God, why did I never kill him? I could have stabbed him while he slept, poisoned him.

“You call my faith Devil worship? That is what the heretics say.”

In the grip of horror as she stared at him she whispered, “Yes, call me a heretic. That is what your rapist brother Hugues would say, is it not? The world is well rid of him.” She bared her teeth in a grin, knowing she had hurt him again.

He moved toward her, hand lifted to strike.

She remained motionless, defiant.

And then she sprang at him. She went for the hilt of the basilard, the three-sided spike that hung at his right side.

She had to reach across him, and she was not quick enough. His hand seized hers in an iron grasp, but rage gave her strength.

She had the dagger halfway out. His powerful fingers were crushing the bones of her wrist, grinding them together.

She brought her head down and sank her teeth into his hand, biting in frenzy.

He roared his pain.

For an instant his grip loosened and she jerked at the dagger.

She almost had it free.

Then his other fist smashed like a hammer against the side of her head.

Again he pounded her skull.

She hardly felt the third blow as she slid to the floor.

He laughed and picked her up as if she were a heap of bedclothes. He pushed her back against the reading table, pressing his body against her, bending her backward.

She felt a hard pressure against her legs. Then he reached down and drew up her skirt.

“This is the beginning of a humiliation that will last the rest of your life, Nicolette,” he said through gritted teeth.

She fought him with all her strength, arching her back, throwing her hips from side to side, kicking. She managed to hold him off for a moment.

“Go on, fight me,” he laughed. “Better than having you lie there like a dead woman, as you usually do.”

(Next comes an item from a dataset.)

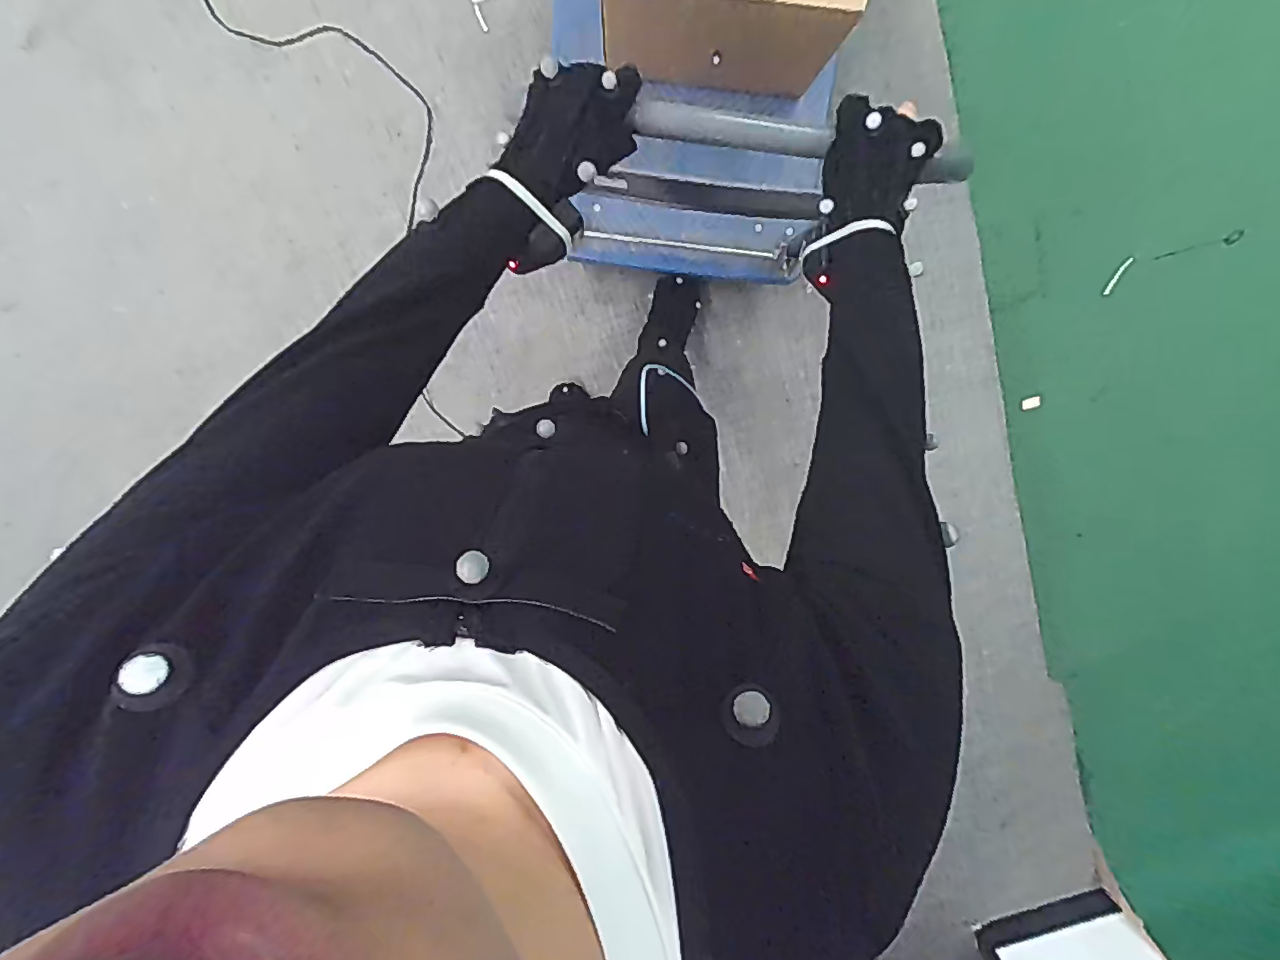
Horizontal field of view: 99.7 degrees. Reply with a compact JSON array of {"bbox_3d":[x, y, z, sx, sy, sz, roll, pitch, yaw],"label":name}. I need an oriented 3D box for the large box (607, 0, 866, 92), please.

“No,” she gasped, writhing in his grasp. “My God, you are not going to do this. I would rather you killed me.”

He pushed her back and forced her legs apart. “I know that, Nicolette.”

She screamed helplessly. She tried to rake his face with her nails, but he pinned her arms to the table.

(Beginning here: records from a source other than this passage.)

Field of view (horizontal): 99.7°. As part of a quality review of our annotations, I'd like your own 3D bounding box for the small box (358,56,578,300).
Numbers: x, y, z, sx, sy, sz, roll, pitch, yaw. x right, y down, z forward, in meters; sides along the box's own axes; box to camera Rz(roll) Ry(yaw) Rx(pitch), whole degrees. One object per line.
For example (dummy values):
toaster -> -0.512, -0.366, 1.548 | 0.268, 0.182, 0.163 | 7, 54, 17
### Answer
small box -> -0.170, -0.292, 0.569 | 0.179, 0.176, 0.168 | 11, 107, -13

It was over in an instant, like the rutting of a stallion. He leaned against her, panting, and she drew her head back.

“Pig!” She spat in his face.

He hit her again with his hand, open hand, cutting her lip in another place. He drew back from her and threw her to the floor.

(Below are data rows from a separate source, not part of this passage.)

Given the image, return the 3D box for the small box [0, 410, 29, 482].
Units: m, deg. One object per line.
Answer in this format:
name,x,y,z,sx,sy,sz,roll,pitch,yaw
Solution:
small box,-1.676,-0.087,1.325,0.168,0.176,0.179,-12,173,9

In spasms that shot stabbing pains through her, she vomited on the beautiful Arabian carpet. It felt almost as if she were expelling her defiled insides.

Eventually the clenching of her stomach subsided, and she lay on the floor and wept.

Amalric went to the wrought-iron grille that locked the harem rooms off from the rest of the house. He had the key in a pouch at his belt. Avoiding looking back at her, he locked her in and strode off.

“Maurice! Maurice!” he bellowed through the corridors of the mansion.

He felt as if he were writhing on an iron spike thrust through his bowels. A voice within him bewailed his loss — a wife and a son. Now he would have to kill Simon. But it was she who had decreed his death.

At that instant he saw the face of de Vency in the child.

But — Oh God! — de Vency’s face is my face. His head swam with the shock. My father, murdered by de Vency’s stepfather. And my father his father. Impossible! Lies! I am ill. I would not give these lies a thought if I had not lost so much sleep. I should kill her now.

If only I could find de Vency’s body, cut out his heart, and force her to eat it.

A woman in a dark blue gown appeared below him on the stairs.

“Monseigneur.” She bowed. “I heard you call.”

He focused his eyes on her. A thin, ravaged face that had once been pretty. Brown eyes, full of fear as she looked up at him. Agnes, Nicolette’s maid.

Damn! he thought. She must not talk to Nicolette. Nicolette will tell her everything.

His rage turned against Agnes. Another damned Languedoc woman, like Nicolette and Marguerite. She must know all about Nicolette’s infidelity. She probably carried messages between her and the troubadour. She might even know about Simon.